River Brain, Witham
1940
watercolor
From the collection of Victoria and Albert Museum
1940
watercolor
From the collection of Victoria and Albert Museum
River Brain, Witham is a 1940 watercolor by H. E. Du Plessis, held at Victoria and Albert Museum.
This watercolour shows a quiet Essex scene by the River Brain near Witham. Painted around 1940, it mixes old cottages with modern phone lines. The artist worked outdoors, leaving ragged paper edges where it tore from a sketchbook. Du Plessis didn’t hide the changes around him. While others smoothed over progress, he kept the wires visible. Look up the artist next: Du Plessis, H. E.
A watercolour by H. E. Du Plessis from 1940 depicts the River Brain flowing through a meadow near Witham, Essex, under a sunny sky. The scene includes a post-and-wire fence along the right bank and visible telephone poles and wires on the left, reflecting signs of modern progress. The top edge shows the ragged tear from a sketchbook’s spiral binding, indicating the work was likely painted on-site.
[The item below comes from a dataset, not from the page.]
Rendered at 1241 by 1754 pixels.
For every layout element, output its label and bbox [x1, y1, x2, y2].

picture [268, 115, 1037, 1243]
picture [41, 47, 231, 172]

The piece is part of the *Recording Britain* collection, documenting British landscapes during the Second World War.
Read the full account in the museum source.
A South Wales watercolor artist active around 1940, H. E. Du Plessis painted the everyday buildings and lanes of Glamorganshire. Brush in hand, he recorded places like the low stone Jesus Hospital in Bray and the…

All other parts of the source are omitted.